The ceasefire reached at the end of June last year was described as permanent. It has proved to be only a long pause. On 28 February, a far more serious confrontation began. Co-ordinated U.S.-Israeli strikes against Iranian nuclear and missile sites were followed within hours by Iranian missile attacks on Saudi and Qatari oil infrastructure — the targets spared last summer. Drones have damaged Saudi Arabia’s largest refinery at Ras Tanura and Qatar Energy’s export facilities. Tanker traffic through the Strait of Hormuz has been suspended. Shipping insurers have withdrawn cover.¹

The market reaction is far more durable than last year’s. Brent crude, trading around $72 at the start of the year, jumped 15% by 5 March to approximately $83. U.S. gasoline has surged above $4 per gallon for the first time since late 2023.² Gold has set a new record above $3,000. The VIX jumped to 27.8, its highest since last April’s tariff shock. Three things distinguish this shock: Gulf oil infrastructure has been directly hit; the strait is effectively closed (not by decree but by the collapse of shipping insurance); and neither side has an easy exit.
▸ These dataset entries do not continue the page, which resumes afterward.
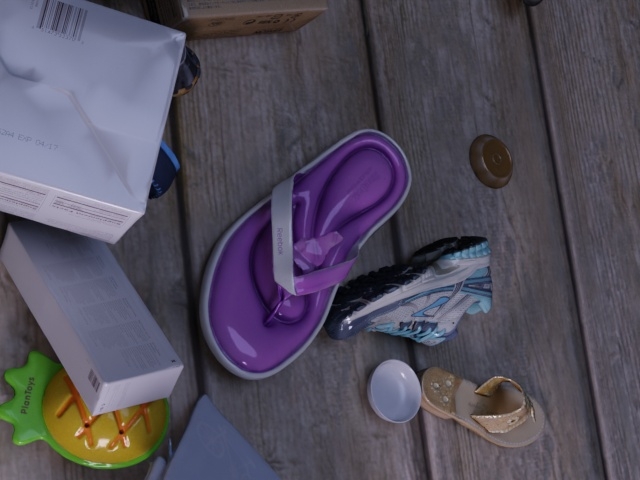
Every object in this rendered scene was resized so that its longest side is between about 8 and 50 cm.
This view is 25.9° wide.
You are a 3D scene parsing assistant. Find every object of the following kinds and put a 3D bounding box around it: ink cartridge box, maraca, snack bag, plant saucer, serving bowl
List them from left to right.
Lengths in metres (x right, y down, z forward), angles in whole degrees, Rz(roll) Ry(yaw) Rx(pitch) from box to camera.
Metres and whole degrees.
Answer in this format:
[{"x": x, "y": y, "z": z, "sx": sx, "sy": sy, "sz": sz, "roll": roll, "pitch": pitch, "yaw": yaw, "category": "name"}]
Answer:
[{"x": -0.256, "y": 0.183, "z": 1.517, "sx": 0.185, "sy": 0.099, "sz": 0.127, "roll": 13, "pitch": 62, "yaw": -14, "category": "maraca"}, {"x": -0.125, "y": -0.364, "z": 1.788, "sx": 0.234, "sy": 0.088, "sz": 0.193, "roll": -11, "pitch": 81, "yaw": -37, "category": "ink cartridge box"}, {"x": -0.076, "y": 0.351, "z": 1.536, "sx": 0.323, "sy": 0.037, "sz": 0.342, "roll": 49, "pitch": 19, "yaw": -12, "category": "snack bag"}, {"x": 0.091, "y": 0.197, "z": 1.809, "sx": 0.083, "sy": 0.027, "sz": 0.083, "roll": 11, "pitch": 70, "yaw": -33, "category": "serving bowl"}, {"x": 0.255, "y": -0.118, "z": 2.037, "sx": 0.083, "sy": 0.015, "sz": 0.083, "roll": 12, "pitch": 69, "yaw": -34, "category": "plant saucer"}]

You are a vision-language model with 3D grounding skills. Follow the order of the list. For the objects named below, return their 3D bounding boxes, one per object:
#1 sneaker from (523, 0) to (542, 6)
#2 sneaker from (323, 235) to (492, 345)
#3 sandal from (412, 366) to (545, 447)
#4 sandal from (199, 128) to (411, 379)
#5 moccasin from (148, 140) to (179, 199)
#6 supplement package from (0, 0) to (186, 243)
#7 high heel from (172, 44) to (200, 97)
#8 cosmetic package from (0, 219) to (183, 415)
[{"x": 0.244, "y": -0.545, "z": 2.120, "sx": 0.182, "sy": 0.158, "sz": 0.410, "roll": -14, "pitch": 85, "yaw": -7, "category": "sneaker"}, {"x": 0.129, "y": 0.089, "z": 1.825, "sx": 0.283, "sy": 0.110, "sz": 0.122, "roll": -22, "pitch": 102, "yaw": -34, "category": "sneaker"}, {"x": 0.240, "y": 0.221, "z": 1.878, "sx": 0.240, "sy": 0.079, "sz": 0.088, "roll": 20, "pitch": 65, "yaw": -30, "category": "sandal"}, {"x": -0.012, "y": -0.010, "z": 1.738, "sx": 0.169, "sy": 0.102, "sz": 0.416, "roll": 39, "pitch": 56, "yaw": -7, "category": "sandal"}, {"x": -0.327, "y": -0.126, "z": 1.557, "sx": 0.342, "sy": 0.138, "sz": 0.117, "roll": 28, "pitch": 64, "yaw": -10, "category": "moccasin"}, {"x": -0.297, "y": -0.139, "z": 1.419, "sx": 0.261, "sy": 0.145, "sz": 0.204, "roll": 17, "pitch": 72, "yaw": -16, "category": "supplement package"}, {"x": -0.276, "y": -0.219, "z": 1.658, "sx": 0.261, "sy": 0.186, "sz": 0.093, "roll": 9, "pitch": 87, "yaw": 0, "category": "high heel"}, {"x": -0.251, "y": 0.075, "z": 1.506, "sx": 0.099, "sy": 0.060, "sz": 0.239, "roll": -11, "pitch": 52, "yaw": -36, "category": "cosmetic package"}]

Research by Federal Reserve Bank of Dallas economists published this month estimates that even a two-quarter closure would add between 0.8 and 1.8 percentage points to U.S. inflation this year — reversing much of the progress of the previous three years.³ For the Fed, this is the worst possible news. Powell’s bank spent three years bringing inflation down from the 9.1% peak of June 2022; it cut rates three times during 2025. Today the Fed has held rates at 3.50–3.75% and Powell is signalling that further cuts are unlikely until the oil situation clarifies.⁴

Stock markets, which entered this month near record highs, have finally cracked. The S&P 500 has fallen roughly 8% since 28 February. European equities have given back several months of gains. But the sell-off has been orderly — the VIX at 27.8 is nowhere near the 52 of last April or the 65 of August 2024. Some corners are thriving: energy shares are posting their best month since the invasion of Ukraine; defence contractors are rallying; government bonds are attracting buyers as investors seek safety. Ray Dalio, on LinkedIn on 8 March, situated the war within his “Big Cycle” framework — rising great-power tensions, heavy debts and fraying co-operation, as in the 1930s.⁵

For an ordinary investor, the question is not what happens next — unknowable — but whether your portfolio is built to survive a range of outcomes. The last three and a half years have provided extraordinary tests: a forty-year-high inflation peak, bank failures, the AI explosion, two Middle Eastern wars, the steepest tariff shock in ninety years. Anyone who tried to navigate these individually, buying on good news and selling on bad, almost certainly ended up poorer. Anyone who stayed in a diversified portfolio almost certainly ended up richer. The simpler lessons — diversify, stay invested through panics, do not try to time geopolitics — have survived this remarkable stretch.

References

  1. Wikipedia, Economic impact of the 2026 Iran war.
    https://en.wikipedia.org/wiki/Economic_impact_of_the_2026_Iran_war
  2. CNBC, Iran war disrupts oil prices, 10 March 2026.
    https://www.cnbc.com/2026/03/10/iran-war-spikes-oil-prices-consumers.html
  3. Kilian, Plante, Richter, Zhou, Impact of the 2026 Iran War on U.S. Inflation, Dallas Fed Working Paper, March 2026.
    https://www.dallasfed.org/~/media/documents/research/papers/2026/wp2609.pdf
  4. Federal Reserve FOMC statement, 18 March 2026.
  5. Ray Dalio, LinkedIn essay, 8 March 2026.